Há muito tempo não ouvia a cantiga do nosso carro-de-boi.
Hoje eu a ouvi e com bastante nitidez; é que ele estava cantando mesmo.
Prestei bem atenção, e o som era nítido de carro engraxado no eixo certo, no chumaço da leiteira e tala apertada no cocão, feito por um perito, pois há muita arte no canto do carro de roda dura.
A máquina do tempo girou e vi o Zote; somente ele conseguiria uma cantiga tão bonita. Ao mesmo tempo, distingui sua voz de trovão cantando junto com o carro:
Eu sou bonito.
Eu sou bonzão.
Eu sou gostoso.
Sou todo dela.
Naquele ano, a safra do café prometia ser muito boa, mas o que foi bom mesmo foi a colheita do milho, porque uma geada de última hora tinha tirado o tapete dos pés de muito fazendeiro bom.
Dois carros-de-boi trabalhavam o dia todo, de fio a pavio e ainda não davam conta de puxar o milho para o paiol.
Com medo da chuva, pedimos outros carros emprestados aos nossos vizinhos, e assim o movimento não parava; e era um entra e sai de camaradas que dava gosto ver. Tínhamos um ano de celeiro cheio, sem compra de comida para os porcos e para o gado de leite.
Não sei como apareceu o carreiro. Simplesmente apareceu de pés descalços, de camisa vermelha, um chapéu respeitável, um facão e um bruto cigarrão. Diziam que era criminoso e muito perigoso, mas que carreiro…
Em pouco tempo, dominava os outros todos, sem falar nos seis bois que, de repente, reconheciam nele o maior dos amigos.
Não aceitava outros bois, não. O de guia tinha que ser o Retrato, com seus chifres meio volteados, de 80 centímetros, o qual ele tratava como se fosse uma criança mimada.

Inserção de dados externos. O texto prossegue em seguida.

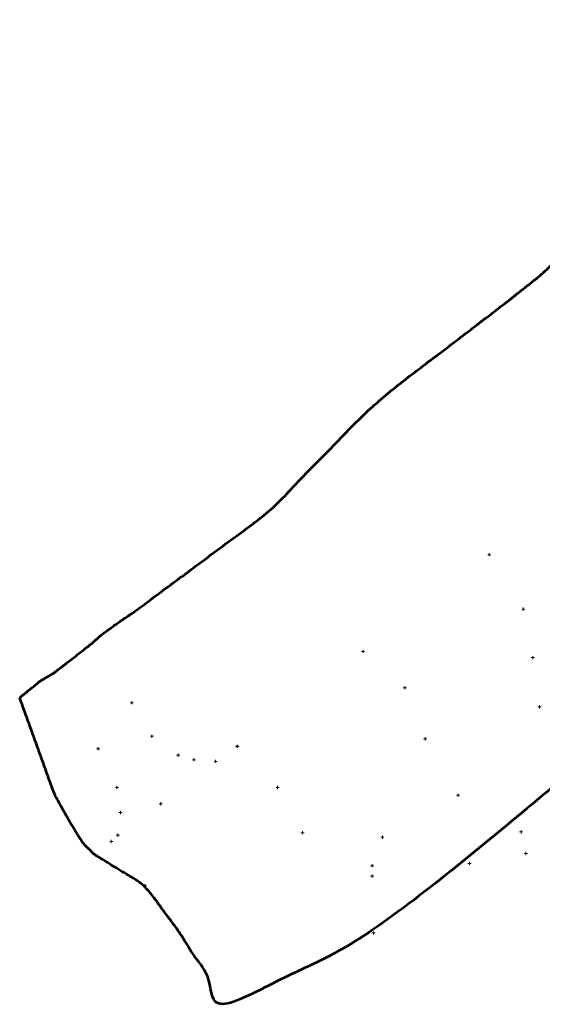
# Model space of a CAD drawing. Header units: inches. Extents: x 2261803 to 2262464, y 730344 to 730965.
# Tile 1 of 9: x 2261803 to 2261968, y 730344 to 730655. Entities that reach past the tile are written whole.
import ezdxf

# ---------------------------------------------------------------- set-up
doc = ezdxf.new("R2010")
doc.units = ezdxf.units.IN
doc.header["$LTSCALE"] = 20
doc.header["$MEASUREMENT"] = 0
doc.layers.add('SV_X_Shot_Marker(Construction)', color=7, linetype='Continuous', lineweight=0, true_color=0xf0f000)
doc.layers.add('SV_X_Terrain_Boundary', color=7, linetype='Continuous', lineweight=53, plot=False)

# ---------------------------------------------------------------- blocks, each defined once
blk = doc.blocks.new('SVPT')
at = {"layer": 'SV_X_Shot_Marker(Construction)'}
for p, q in [((-0.5, 0), (0.5, 0)), ((0, 0.5), (0, -0.5))]:
    blk.add_line(p, q, dxfattribs=at)
blk.add_point((0, 0), dxfattribs=at)
blk = doc.blocks.new('SVPT1')
at = {"layer": 'SV_X_Shot_Marker(Construction)'}
for p, q in [((-0.5, 0), (0.5, 0)), ((0, 0.5), (0, -0.5))]:
    blk.add_line(p, q, dxfattribs=at)
blk.add_point((0, 0), dxfattribs=at)
blk = doc.blocks.new('SVPT2')
at = {"layer": 'SV_X_Shot_Marker(Construction)'}
for p, q in [((-0.5, 0), (0.5, 0)), ((0, 0.5), (0, -0.5))]:
    blk.add_line(p, q, dxfattribs=at)
blk.add_point((0, 0), dxfattribs=at)
blk = doc.blocks.new('SVPT3')
at = {"layer": 'SV_X_Shot_Marker(Construction)'}
for p, q in [((-0.5, 0), (0.5, 0)), ((0, 0.5), (0, -0.5))]:
    blk.add_line(p, q, dxfattribs=at)
blk.add_point((0, 0), dxfattribs=at)
blk = doc.blocks.new('SVPT4')
at = {"layer": 'SV_X_Shot_Marker(Construction)'}
for p, q in [((-0.5, 0), (0.5, 0)), ((0, 0.5), (0, -0.5))]:
    blk.add_line(p, q, dxfattribs=at)
blk.add_point((0, 0), dxfattribs=at)
blk = doc.blocks.new('SVPT5')
at = {"layer": 'SV_X_Shot_Marker(Construction)'}
for p, q in [((-0.5, 0), (0.5, 0)), ((0, 0.5), (0, -0.5))]:
    blk.add_line(p, q, dxfattribs=at)
blk.add_point((0, 0), dxfattribs=at)
blk = doc.blocks.new('SVPT6')
at = {"layer": 'SV_X_Shot_Marker(Construction)'}
for p, q in [((-0.5, 0), (0.5, 0)), ((0, 0.5), (0, -0.5))]:
    blk.add_line(p, q, dxfattribs=at)
blk.add_point((0, 0), dxfattribs=at)
blk = doc.blocks.new('SVPT7')
at = {"layer": 'SV_X_Shot_Marker(Construction)'}
for p, q in [((-0.5, 0), (0.5, 0)), ((0, 0.5), (0, -0.5))]:
    blk.add_line(p, q, dxfattribs=at)
blk.add_point((0, 0), dxfattribs=at)
blk = doc.blocks.new('SVPT20')
at = {"layer": 'SV_X_Shot_Marker(Construction)'}
for p, q in [((-0.5, 0), (0.5, 0)), ((0, 0.5), (0, -0.5))]:
    blk.add_line(p, q, dxfattribs=at)
blk.add_point((0, 0), dxfattribs=at)
blk = doc.blocks.new('SVPT21')
at = {"layer": 'SV_X_Shot_Marker(Construction)'}
for p, q in [((-0.5, 0), (0.5, 0)), ((0, 0.5), (0, -0.5))]:
    blk.add_line(p, q, dxfattribs=at)
blk.add_point((0, 0), dxfattribs=at)
blk = doc.blocks.new('SVPT22')
at = {"layer": 'SV_X_Shot_Marker(Construction)'}
for p, q in [((-0.5, 0), (0.5, 0)), ((0, 0.5), (0, -0.5))]:
    blk.add_line(p, q, dxfattribs=at)
blk.add_point((0, 0), dxfattribs=at)
blk = doc.blocks.new('SVPT42')
at = {"layer": 'SV_X_Shot_Marker(Construction)'}
for p, q in [((-0.5, 0), (0.5, 0)), ((0, 0.5), (0, -0.5))]:
    blk.add_line(p, q, dxfattribs=at)
blk.add_point((0, 0), dxfattribs=at)
blk = doc.blocks.new('SVPT43')
at = {"layer": 'SV_X_Shot_Marker(Construction)'}
for p, q in [((-0.5, 0), (0.5, 0)), ((0, 0.5), (0, -0.5))]:
    blk.add_line(p, q, dxfattribs=at)
blk.add_point((0, 0), dxfattribs=at)
blk = doc.blocks.new('SVPT67')
at = {"layer": 'SV_X_Shot_Marker(Construction)'}
for p, q in [((-0.5, 0), (0.5, 0)), ((0, 0.5), (0, -0.5))]:
    blk.add_line(p, q, dxfattribs=at)
blk.add_point((0, 0), dxfattribs=at)
blk = doc.blocks.new('SVPT68')
at = {"layer": 'SV_X_Shot_Marker(Construction)'}
for p, q in [((-0.5, 0), (0.5, 0)), ((0, 0.5), (0, -0.5))]:
    blk.add_line(p, q, dxfattribs=at)
blk.add_point((0, 0), dxfattribs=at)
blk = doc.blocks.new('SVPT69')
at = {"layer": 'SV_X_Shot_Marker(Construction)'}
for p, q in [((-0.5, 0), (0.5, 0)), ((0, 0.5), (0, -0.5))]:
    blk.add_line(p, q, dxfattribs=at)
blk.add_point((0, 0), dxfattribs=at)
blk = doc.blocks.new('SVPT70')
at = {"layer": 'SV_X_Shot_Marker(Construction)'}
for p, q in [((-0.5, 0), (0.5, 0)), ((0, 0.5), (0, -0.5))]:
    blk.add_line(p, q, dxfattribs=at)
blk.add_point((0, 0), dxfattribs=at)
blk = doc.blocks.new('SVPT71')
at = {"layer": 'SV_X_Shot_Marker(Construction)'}
for p, q in [((-0.5, 0), (0.5, 0)), ((0, 0.5), (0, -0.5))]:
    blk.add_line(p, q, dxfattribs=at)
blk.add_point((0, 0), dxfattribs=at)
blk = doc.blocks.new('SVPT72')
at = {"layer": 'SV_X_Shot_Marker(Construction)'}
for p, q in [((-0.5, 0), (0.5, 0)), ((0, 0.5), (0, -0.5))]:
    blk.add_line(p, q, dxfattribs=at)
blk.add_point((0, 0), dxfattribs=at)
blk = doc.blocks.new('SVPT73')
at = {"layer": 'SV_X_Shot_Marker(Construction)'}
for p, q in [((-0.5, 0), (0.5, 0)), ((0, 0.5), (0, -0.5))]:
    blk.add_line(p, q, dxfattribs=at)
blk.add_point((0, 0), dxfattribs=at)
blk = doc.blocks.new('SVPT74')
at = {"layer": 'SV_X_Shot_Marker(Construction)'}
for p, q in [((-0.5, 0), (0.5, 0)), ((0, 0.5), (0, -0.5))]:
    blk.add_line(p, q, dxfattribs=at)
blk.add_point((0, 0), dxfattribs=at)
blk = doc.blocks.new('SVPT75')
at = {"layer": 'SV_X_Shot_Marker(Construction)'}
for p, q in [((-0.5, 0), (0.5, 0)), ((0, 0.5), (0, -0.5))]:
    blk.add_line(p, q, dxfattribs=at)
blk.add_point((0, 0), dxfattribs=at)
blk = doc.blocks.new('SVPT76')
at = {"layer": 'SV_X_Shot_Marker(Construction)'}
for p, q in [((-0.5, 0), (0.5, 0)), ((0, 0.5), (0, -0.5))]:
    blk.add_line(p, q, dxfattribs=at)
blk.add_point((0, 0), dxfattribs=at)
blk = doc.blocks.new('SVPT109')
at = {"layer": 'SV_X_Shot_Marker(Construction)'}
for p, q in [((-0.5, 0), (0.5, 0)), ((0, 0.5), (0, -0.5))]:
    blk.add_line(p, q, dxfattribs=at)
blk.add_point((0, 0), dxfattribs=at)
blk = doc.blocks.new('SVPT110')
at = {"layer": 'SV_X_Shot_Marker(Construction)'}
for p, q in [((-0.5, 0), (0.5, 0)), ((0, 0.5), (0, -0.5))]:
    blk.add_line(p, q, dxfattribs=at)
blk.add_point((0, 0), dxfattribs=at)
blk = doc.blocks.new('SVPT111')
at = {"layer": 'SV_X_Shot_Marker(Construction)'}
for p, q in [((-0.5, 0), (0.5, 0)), ((0, 0.5), (0, -0.5))]:
    blk.add_line(p, q, dxfattribs=at)
blk.add_point((0, 0), dxfattribs=at)
blk = doc.blocks.new('SVPT112')
at = {"layer": 'SV_X_Shot_Marker(Construction)'}
for p, q in [((-0.5, 0), (0.5, 0)), ((0, 0.5), (0, -0.5))]:
    blk.add_line(p, q, dxfattribs=at)
blk.add_point((0, 0), dxfattribs=at)
blk = doc.blocks.new('SVPT113')
at = {"layer": 'SV_X_Shot_Marker(Construction)'}
for p, q in [((-0.5, 0), (0.5, 0)), ((0, 0.5), (0, -0.5))]:
    blk.add_line(p, q, dxfattribs=at)
blk.add_point((0, 0), dxfattribs=at)
blk = doc.blocks.new('SVPT114')
at = {"layer": 'SV_X_Shot_Marker(Construction)'}
for p, q in [((-0.5, 0), (0.5, 0)), ((0, 0.5), (0, -0.5))]:
    blk.add_line(p, q, dxfattribs=at)
blk.add_point((0, 0), dxfattribs=at)
blk = doc.blocks.new('SVPT115')
at = {"layer": 'SV_X_Shot_Marker(Construction)'}
for p, q in [((-0.5, 0), (0.5, 0)), ((0, 0.5), (0, -0.5))]:
    blk.add_line(p, q, dxfattribs=at)
blk.add_point((0, 0), dxfattribs=at)
blk = doc.blocks.new('SVPT116')
at = {"layer": 'SV_X_Shot_Marker(Construction)'}
for p, q in [((-0.5, 0), (0.5, 0)), ((0, 0.5), (0, -0.5))]:
    blk.add_line(p, q, dxfattribs=at)
blk.add_point((0, 0), dxfattribs=at)
blk = doc.blocks.new('SVPT117')
at = {"layer": 'SV_X_Shot_Marker(Construction)'}
for p, q in [((-0.5, 0), (0.5, 0)), ((0, 0.5), (0, -0.5))]:
    blk.add_line(p, q, dxfattribs=at)
blk.add_point((0, 0), dxfattribs=at)
blk = doc.blocks.new('SVPT118')
at = {"layer": 'SV_X_Shot_Marker(Construction)'}
for p, q in [((-0.5, 0), (0.5, 0)), ((0, 0.5), (0, -0.5))]:
    blk.add_line(p, q, dxfattribs=at)
blk.add_point((0, 0), dxfattribs=at)
blk = doc.blocks.new('SVPT119')
at = {"layer": 'SV_X_Shot_Marker(Construction)'}
for p, q in [((-0.5, 0), (0.5, 0)), ((0, 0.5), (0, -0.5))]:
    blk.add_line(p, q, dxfattribs=at)
blk.add_point((0, 0), dxfattribs=at)

msp = doc.modelspace()

# ---------------------------------------------------------------- linework, layer by layer
at = {"layer": 'SV_X_Terrain_Boundary'}
msp.add_open_spline([(2261802.7701, 730440.79, 580.6882), (2261813.8065, 730410.2534, 580.4566), (2261818.3307, 730402.1482, 580.0053), (2261821.6737, 730396.662, 578.6396), (2261822.9053, 730394.7634, 578.0333), (2261826.2532, 730391.4394, 580.2831), (2261842.3616, 730381.4744, 580.6093), (2261852.4403, 730367.8645, 580.2283), (2261857.6673, 730359.8625, 580.1837), (2261867.4789, 730343.0337, 580.6063), (2261914.5016, 730366.578, 580.933), (2261976.885, 730417.0673, 580.3686), (2261986.6017, 730428.1845, 580.5754), (2262033.8599, 730458.4542, 580.8821), (2262084.7552, 730488.5338, 580.8384), (2262106.5579, 730503.9039, 579.9992), (2262146.5377, 730529.6565, 579.1815), (2262155.3942, 730536.6276, 578.3136), (2262159.9998, 730540.0203, 575.9575), (2262161.312, 730540.55, 575.618), (2262173.2511, 730555.973, 575.4556), (2262174.0344, 730557.8553, 575.9097), (2262179.6609, 730568.0891, 580.8759), (2262221.9144, 730591.0234, 582.96), (2262235.0481, 730602.285, 583.4106), (2262241.4765, 730607.942, 584.2665), (2262252.9827, 730612.8845, 584.8586), (2262265.6247, 730614.2661, 584.6258), (2262279.7875, 730623.5604, 580.6612), (2262289.6304, 730630.9272, 580.3049), (2262285.9389, 730656.8244, 580.4113), (2262310.1217, 730687.2277, 581.2903), (2262329.5899, 730707.0317, 582.261), (2262338.1084, 730715.3628, 582.3726), (2262344.8444, 730721.1028, 581.4463), (2262363.1714, 730734.5146, 581.3423), (2262376.9459, 730746.3932, 581.638), (2262384.0813, 730751.94, 582.1172), (2262385.628, 730753.1172, 582.764), (2262401.2613, 730765.9029, 582.8501), (2262401.7628, 730767.0716, 582.4422), (2262429.5547, 730788.7505, 582.1856), (2262445.5002, 730798.6124, 582.0608), (2262433.1787, 730815.5492, 581.8188), (2262430.9337, 730819.2959, 581.8602), (2262424.8466, 730826.3236, 581.9626), (2262435.6866, 730855.5095, 582.013), (2262464.7126, 730907.2836, 582.1606), (2262445.0513, 730921.7838, 583.0505), (2262424.0445, 730933.999, 589.43), (2262423.0991, 730933.8065, 589.5799), (2262421.7101, 730934.6485, 589.8242), (2262405.7039, 730941.529, 589.1606), (2262389.8642, 730949.2324, 588.0638), (2262389.0837, 730949.4656, 587.7836), (2262377.7102, 730956.0547, 583.3943), (2262355.9641, 730964.4045, 583.0209), (2262316.4895, 730905.4347, 583.3066), (2262317.815, 730890.5545, 583.4288), (2262293.4513, 730839.5266, 581.6914), (2262262.6305, 730799.0298, 580.9324), (2262232.9426, 730783.8318, 580.0853), (2262224.6045, 730771.0389, 579.9281), (2262197.7013, 730746.0276, 579.7307), (2262150.3668, 730713.5115, 580.1613), (2262128.3514, 730691.2335, 579.416), (2262117.1396, 730679.4967, 579.2916), (2262101.5188, 730665.6976, 577.6161), (2262062.2563, 730650.1691, 578.8047), (2262046.2062, 730638.4357, 578.627), (2262032.303, 730624.6049, 578.7826), (2261999.2969, 730597.0386, 578.8269), (2261985.0877, 730589.3845, 579.0227), (2261979.8483, 730585.9054, 579.5847), (2261966.8447, 730573.7937, 579.3728), (2261956.6972, 730565.7786, 580.4045), (2261915.6733, 730534.4193, 581.4261), (2261880.9927, 730499.1392, 581.5344), (2261839.8969, 730468.6041, 581.5489), (2261832.7455, 730463.6848, 581.1102), (2261828.7103, 730460.7401, 580.2764), (2261825.6699, 730458.0413, 580.8636), (2261813.7847, 730448.767, 580.7665), (2261809.0133, 730445.9219, 580.4042), (2261802.7701, 730440.79, 580.6882)], degree=1, dxfattribs=at)

# ---------------------------------------------------------------- block references
for name, p in [('SVPT76', (2261951.0379, 730485.9527, 580.3862)), ('SVPT67', (2261961.7747, 730468.7446, 580.5426)), ('SVPT114', (2261825.6699, 730458.0413, 580.8636)), ('SVPT75', (2261911.1842, 730455.4277, 580.4076)), ('SVPT42', (2261964.8179, 730453.4539, 580.244)), ('SVPT109', (2261813.7847, 730448.767, 580.7665)), ('SVPT68', (2261924.3631, 730443.9688, 580.5827)), ('SVPT115', (2261838.1535, 730439.2448, 580.5405)), ('SVPT43', (2261966.9152, 730437.9203, 580.2646)), ('SVPT116', (2261844.5386, 730428.6392, 580.5461)), ('SVPT6', (2261930.7971, 730427.8179, 580.2605)), ('SVPT110', (2261827.5518, 730424.7374, 580.5211)), ('SVPT73', (2261871.4304, 730425.4953, 580.411)), ('SVPT74', (2261871.5261, 730425.4588, 580.4019)), ('SVPT117', (2261852.8228, 730422.7129, 580.3118)), ('SVPT118', (2261857.8045, 730421.2495, 580.0456)), ('SVPT119', (2261864.6383, 730420.7364, 580.2183)), ('SVPT111', (2261833.4801, 730412.5131, 580.3408)), ('SVPT69', (2261884.2119, 730412.4759, 580.658)), ('SVPT7', (2261941.1893, 730410.0275, 580.3288)), ('SVPT72', (2261847.2993, 730407.3358, 580.2919)), ('SVPT112', (2261834.6277, 730404.6157, 580.2202)), ('SVPT113', (2261833.7611, 730397.4274, 580.2353)), ('SVPT5', (2261892.0925, 730398.2304, 580.2563)), ('SVPT4', (2261917.2972, 730396.8207, 580.5049)), ('SVPT20', (2261961.0847, 730398.4771, 580.6737)), ('SVPT71', (2261831.6992, 730395.4622, 580.2868)), ('SVPT21', (2261962.5614, 730391.6795, 580.9617)), ('SVPT3', (2261914.077, 730387.8005, 580.8203)), ('SVPT22', (2261944.782, 730388.5557, 580.7416)), ('SVPT2', (2261914.0525, 730384.5573, 580.7832)), ('SVPT70', (2261842.3616, 730381.4744, 580.6093)), ('SVPT', (2261852.4403, 730367.8645, 580.2283)), ('SVPT1', (2261914.5016, 730366.578, 580.933))]:
    msp.add_blockref(name, p)

doc.saveas('drawing.dxf')

Mantinha com os companheiros de serviço, os bois, uma lengalenga que ninguém entendia, mas dominava-os de tal maneira que podia dar marcha a ré com o carro e colocá-lo na garagem sem encostar-se a nada, com poucos centímetros de margem.
O carro vivia arrumado, com os fueiros todos do mesmo tamanho e com uma esteira bem urdida, como só ele mesmo sabia fazer. Com o cocão apertado cantavam os dois ao mesmo tempo, um fazendo coro para o outro.
Foi nessa tarefa que ele a conheceu.
Era mesmo uma “bodinha” ajeitada.
Um gingado de fazer inveja a qualquer Elba Ramalho.
Com a quebra do milho, a fazenda entrou em ritmo lento à espera da colheita do café; então devolvemos os carros emprestados e o serviço virou rotina.
Que diabo de coisa dera no Zote quando começou a querer serviço só para o lado do morro?
Propôs-nos puxar pedras para forrar o curral, um sonho que há muito alimentávamos, sem coragem de enfrentar para não judiar da boiada.
Mas ele fez tudo e não vi nenhum boi magro, nem mesmo os garrotes que estavam em aprendizagem com os bois mestres.
Todos os dias, já no final do trabalho, lá vinha o Zote cantando e fazendo o carro cantar:
Eu sou bonito.
Eu sou gostoso.
Sou todo dela.
Parecia que os animais sentiam o amor crescendo no peito do carreiro.
Do alto do morro, as pedras desciam para forrar todo o curral. Mas, infelizmente, o serviço chegou ao fim sem que o amor do caboclo fosse correspondido.
Acertamos as contas; lá ia o Zote para outras bandas. O carro ficou mudo sem que ninguém passasse sabão no eixo e os bois entristeceram.
Novas safras, novas boiadas e novos tempos. O vai-e-vem dos tratores dinamizando o serviço rural mudava completamente o aspecto da fazenda.
Entretanto, sempre que olhava as pedras do curral lembravame do Zote.
Onde estaria agora? Onde embalaria um carro-de-boi com sua voz de trovão?
Ninguém sabia…
Hoje eu ouvi de verdade, não havia dúvida.
A cantiga era a mesma e também o carro estava cantando macio acompanhando-o; eu tinha certeza.
Cheguei à janela e lá estava ele ainda organizando o arreamento dos bois.
Grisalho, mais magro, acompanhado de três bodinhos limpos e bonitos.
Um pouco encabulada, ali debaixo da árvore, a mesma cabocla que lhe enfeitiçara a alma de caboclo.
Eu sou bonito.
Eu sou gostoso.
E ela é toda minha…
Bem, agora eu tinha certeza de que o nosso carro não ficaria mais guardado e que, novamente, reinaria a alegria da cantiga do Carro de Boi.